Murray, Steve (M.S. Mechanical Engineering)

Aging and Qualification of Polyimide Dielectric Film

A common failure mechanism of polyimide dielectric is deadhesion by aging-assisted fatigue. Fatigue crack growth results from thermo-mechanical and hygroscopic stresses induced by changes in the temperature and humidity of the local environment, as well as by any mechanically applied loading such as bending or vibration. Environmental aging results from the simultaneous processes of hydrolysis and thermo-oxidative degradation, which are rate-determined by the average level of temperature and humidity of the local environment. Aging results in decreased strength and embrittlement of polyimide, and increases the crack growth rate under fatigue loading. Many adhesives that are sometimes used with polyimide dielectric when making multi-layer structures are also susceptible to fatigue damage and environmental aging. Deadhesion failure of products containing adhesives can occur by the propagation of a fatigue crack through either the polyimide or adhesive layers.

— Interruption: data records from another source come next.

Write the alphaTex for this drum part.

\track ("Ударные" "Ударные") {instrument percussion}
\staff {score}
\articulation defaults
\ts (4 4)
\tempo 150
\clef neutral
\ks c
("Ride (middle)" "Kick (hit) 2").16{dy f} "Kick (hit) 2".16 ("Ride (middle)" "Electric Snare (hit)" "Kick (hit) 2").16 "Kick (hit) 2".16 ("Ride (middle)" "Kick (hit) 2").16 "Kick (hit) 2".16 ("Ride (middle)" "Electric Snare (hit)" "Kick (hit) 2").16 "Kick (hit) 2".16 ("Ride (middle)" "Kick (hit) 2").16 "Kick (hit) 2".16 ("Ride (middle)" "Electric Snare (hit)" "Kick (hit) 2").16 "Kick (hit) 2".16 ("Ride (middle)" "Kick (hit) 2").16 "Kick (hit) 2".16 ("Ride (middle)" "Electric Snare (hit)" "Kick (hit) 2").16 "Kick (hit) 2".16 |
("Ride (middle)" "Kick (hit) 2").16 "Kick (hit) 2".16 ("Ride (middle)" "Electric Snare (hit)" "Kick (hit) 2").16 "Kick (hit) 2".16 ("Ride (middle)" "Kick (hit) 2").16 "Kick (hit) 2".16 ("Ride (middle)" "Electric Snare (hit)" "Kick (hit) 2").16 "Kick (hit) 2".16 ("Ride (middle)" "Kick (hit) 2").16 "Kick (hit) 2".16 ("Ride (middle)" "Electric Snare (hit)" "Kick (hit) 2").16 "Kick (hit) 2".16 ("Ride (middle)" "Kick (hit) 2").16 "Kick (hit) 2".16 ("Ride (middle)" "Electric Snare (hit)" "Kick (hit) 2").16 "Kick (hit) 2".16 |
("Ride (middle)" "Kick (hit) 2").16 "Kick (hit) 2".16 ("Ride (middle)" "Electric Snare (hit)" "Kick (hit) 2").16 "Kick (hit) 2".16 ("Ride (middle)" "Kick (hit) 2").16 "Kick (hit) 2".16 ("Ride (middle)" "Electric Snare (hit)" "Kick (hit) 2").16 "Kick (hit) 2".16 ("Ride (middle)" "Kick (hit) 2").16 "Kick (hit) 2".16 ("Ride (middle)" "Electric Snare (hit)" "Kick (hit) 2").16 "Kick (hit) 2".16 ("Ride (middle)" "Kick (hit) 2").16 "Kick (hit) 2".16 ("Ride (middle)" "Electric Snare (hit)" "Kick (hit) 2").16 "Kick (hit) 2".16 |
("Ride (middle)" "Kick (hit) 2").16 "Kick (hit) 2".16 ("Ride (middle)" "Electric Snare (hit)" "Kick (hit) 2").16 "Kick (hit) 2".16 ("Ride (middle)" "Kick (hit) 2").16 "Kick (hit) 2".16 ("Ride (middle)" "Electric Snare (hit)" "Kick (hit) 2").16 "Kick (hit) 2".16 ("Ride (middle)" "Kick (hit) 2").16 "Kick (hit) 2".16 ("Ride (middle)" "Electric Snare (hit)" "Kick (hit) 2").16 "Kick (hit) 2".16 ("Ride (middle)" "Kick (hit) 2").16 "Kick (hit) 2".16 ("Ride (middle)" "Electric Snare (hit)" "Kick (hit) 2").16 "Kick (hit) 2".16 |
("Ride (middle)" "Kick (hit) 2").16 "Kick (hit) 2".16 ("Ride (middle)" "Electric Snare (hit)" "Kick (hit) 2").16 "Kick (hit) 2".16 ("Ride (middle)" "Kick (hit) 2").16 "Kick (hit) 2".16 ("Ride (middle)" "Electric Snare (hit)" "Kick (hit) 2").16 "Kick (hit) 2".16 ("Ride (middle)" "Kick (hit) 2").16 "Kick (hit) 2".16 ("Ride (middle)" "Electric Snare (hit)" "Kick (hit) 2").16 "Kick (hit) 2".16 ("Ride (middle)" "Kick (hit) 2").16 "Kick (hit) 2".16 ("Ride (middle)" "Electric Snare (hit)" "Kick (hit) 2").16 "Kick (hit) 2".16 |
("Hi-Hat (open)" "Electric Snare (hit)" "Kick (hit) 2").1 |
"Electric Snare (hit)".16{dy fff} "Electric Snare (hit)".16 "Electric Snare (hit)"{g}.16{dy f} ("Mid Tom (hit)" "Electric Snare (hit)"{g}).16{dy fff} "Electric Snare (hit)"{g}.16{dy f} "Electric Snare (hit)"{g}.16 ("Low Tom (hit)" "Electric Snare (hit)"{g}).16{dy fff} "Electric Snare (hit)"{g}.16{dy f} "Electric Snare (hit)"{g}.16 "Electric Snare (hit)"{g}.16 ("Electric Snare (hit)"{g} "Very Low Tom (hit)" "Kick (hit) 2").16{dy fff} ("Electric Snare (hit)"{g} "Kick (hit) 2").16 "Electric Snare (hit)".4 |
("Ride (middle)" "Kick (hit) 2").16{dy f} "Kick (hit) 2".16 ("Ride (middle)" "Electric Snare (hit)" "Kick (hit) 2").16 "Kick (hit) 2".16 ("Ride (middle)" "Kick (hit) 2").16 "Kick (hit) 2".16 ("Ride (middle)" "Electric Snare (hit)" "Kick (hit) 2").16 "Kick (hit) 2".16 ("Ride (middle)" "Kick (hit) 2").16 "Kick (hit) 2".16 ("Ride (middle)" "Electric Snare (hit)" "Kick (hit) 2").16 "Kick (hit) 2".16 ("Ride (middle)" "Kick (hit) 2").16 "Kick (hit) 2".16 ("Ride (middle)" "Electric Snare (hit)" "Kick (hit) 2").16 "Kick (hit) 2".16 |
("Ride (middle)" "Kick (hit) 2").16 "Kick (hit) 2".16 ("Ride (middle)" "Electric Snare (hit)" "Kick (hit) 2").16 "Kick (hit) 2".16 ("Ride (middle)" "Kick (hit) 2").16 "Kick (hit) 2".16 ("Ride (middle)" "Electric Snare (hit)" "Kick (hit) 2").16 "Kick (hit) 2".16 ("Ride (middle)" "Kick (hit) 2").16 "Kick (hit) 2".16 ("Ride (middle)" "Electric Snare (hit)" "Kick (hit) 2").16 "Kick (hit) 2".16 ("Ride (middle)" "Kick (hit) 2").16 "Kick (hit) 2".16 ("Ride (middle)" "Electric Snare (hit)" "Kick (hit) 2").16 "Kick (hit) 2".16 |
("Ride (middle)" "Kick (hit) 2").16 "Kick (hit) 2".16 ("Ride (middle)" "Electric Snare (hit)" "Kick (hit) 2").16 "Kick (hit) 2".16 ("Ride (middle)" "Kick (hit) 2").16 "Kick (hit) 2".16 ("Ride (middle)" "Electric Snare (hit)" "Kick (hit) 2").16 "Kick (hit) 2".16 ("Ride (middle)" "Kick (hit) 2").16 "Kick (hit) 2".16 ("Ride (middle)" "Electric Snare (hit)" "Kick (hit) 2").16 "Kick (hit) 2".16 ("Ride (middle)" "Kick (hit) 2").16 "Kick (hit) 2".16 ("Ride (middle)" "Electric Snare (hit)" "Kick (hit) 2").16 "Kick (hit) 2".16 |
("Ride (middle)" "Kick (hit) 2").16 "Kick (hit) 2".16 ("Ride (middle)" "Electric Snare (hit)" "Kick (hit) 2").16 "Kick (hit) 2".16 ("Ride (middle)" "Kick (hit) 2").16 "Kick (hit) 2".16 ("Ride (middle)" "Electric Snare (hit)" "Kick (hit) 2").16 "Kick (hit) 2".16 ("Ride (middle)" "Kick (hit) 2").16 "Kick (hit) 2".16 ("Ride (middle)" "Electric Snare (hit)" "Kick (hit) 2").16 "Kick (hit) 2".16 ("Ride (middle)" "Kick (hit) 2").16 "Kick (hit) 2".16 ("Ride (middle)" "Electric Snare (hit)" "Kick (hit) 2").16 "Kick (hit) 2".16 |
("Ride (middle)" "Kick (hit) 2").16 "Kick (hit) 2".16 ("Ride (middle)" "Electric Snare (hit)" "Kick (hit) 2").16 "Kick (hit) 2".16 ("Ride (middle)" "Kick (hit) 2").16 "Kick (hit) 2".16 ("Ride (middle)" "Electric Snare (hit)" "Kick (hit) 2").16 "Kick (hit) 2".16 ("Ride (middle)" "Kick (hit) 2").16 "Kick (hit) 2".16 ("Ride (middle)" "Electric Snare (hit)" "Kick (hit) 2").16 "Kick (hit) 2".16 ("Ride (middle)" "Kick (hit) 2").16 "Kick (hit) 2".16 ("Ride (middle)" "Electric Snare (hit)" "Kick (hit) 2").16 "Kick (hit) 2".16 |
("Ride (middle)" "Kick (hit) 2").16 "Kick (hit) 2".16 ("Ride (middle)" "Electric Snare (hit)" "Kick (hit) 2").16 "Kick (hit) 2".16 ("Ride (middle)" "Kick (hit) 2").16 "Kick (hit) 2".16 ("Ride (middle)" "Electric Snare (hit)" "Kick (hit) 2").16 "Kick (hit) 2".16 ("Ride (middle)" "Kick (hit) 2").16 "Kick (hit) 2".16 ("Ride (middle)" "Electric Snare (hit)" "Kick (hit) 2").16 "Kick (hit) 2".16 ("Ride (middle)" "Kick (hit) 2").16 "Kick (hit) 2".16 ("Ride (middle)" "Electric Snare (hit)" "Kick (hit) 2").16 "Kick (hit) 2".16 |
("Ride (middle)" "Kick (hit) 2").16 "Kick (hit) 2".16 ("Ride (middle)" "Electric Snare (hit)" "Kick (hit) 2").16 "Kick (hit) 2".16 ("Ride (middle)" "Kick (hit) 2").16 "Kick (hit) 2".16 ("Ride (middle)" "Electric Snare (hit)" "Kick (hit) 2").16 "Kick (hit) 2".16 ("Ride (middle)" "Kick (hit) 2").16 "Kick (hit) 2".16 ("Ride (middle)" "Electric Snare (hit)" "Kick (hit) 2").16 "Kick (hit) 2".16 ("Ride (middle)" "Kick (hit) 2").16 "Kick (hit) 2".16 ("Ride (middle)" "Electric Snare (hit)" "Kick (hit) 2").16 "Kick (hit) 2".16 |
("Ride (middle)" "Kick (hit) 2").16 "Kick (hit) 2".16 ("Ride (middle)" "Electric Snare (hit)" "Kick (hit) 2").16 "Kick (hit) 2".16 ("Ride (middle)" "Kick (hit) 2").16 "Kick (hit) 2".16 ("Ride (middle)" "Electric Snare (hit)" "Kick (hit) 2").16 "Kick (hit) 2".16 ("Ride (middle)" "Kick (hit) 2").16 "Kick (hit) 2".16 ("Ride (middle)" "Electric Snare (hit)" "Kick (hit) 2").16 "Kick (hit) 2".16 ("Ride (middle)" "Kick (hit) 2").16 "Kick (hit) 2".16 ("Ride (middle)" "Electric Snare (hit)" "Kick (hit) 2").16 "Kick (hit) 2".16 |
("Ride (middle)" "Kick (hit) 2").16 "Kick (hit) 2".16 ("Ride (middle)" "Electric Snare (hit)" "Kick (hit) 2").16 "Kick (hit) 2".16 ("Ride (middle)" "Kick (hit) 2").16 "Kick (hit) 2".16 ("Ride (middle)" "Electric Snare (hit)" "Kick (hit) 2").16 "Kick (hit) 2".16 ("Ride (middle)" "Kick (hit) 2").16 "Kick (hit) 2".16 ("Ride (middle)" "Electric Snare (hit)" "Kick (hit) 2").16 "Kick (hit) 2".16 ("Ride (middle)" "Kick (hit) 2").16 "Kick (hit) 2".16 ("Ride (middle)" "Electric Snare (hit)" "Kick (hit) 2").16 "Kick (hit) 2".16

In order to design accelerated tests for deadhesion, a model is needed that quantifies environmental aging and explains how it can be accelerated. A methodology to characterize the rate of aging as a function of temperature and humidity using peel and tensile tests is proposed, and empirical models for the aging of Kapton E polyimide film with titanium barrier metallization, unmetallized Kapton E polyimide film, and a siloxane-polyimide-epoxy adhesive on copper metallization are developed. These aging models can be used in combination with time-compression of fatigue loading cycles to design accelerated tests to evaluate the resistance to deadhesion of products containing polyimide dielectric and/or adhesive. An accelerated test plan for a multi-chip module used in a naval environment is presented to illustrate the methodology.

Radhakrishnan, Jagadeesh (M.S. Mechanical Engineering)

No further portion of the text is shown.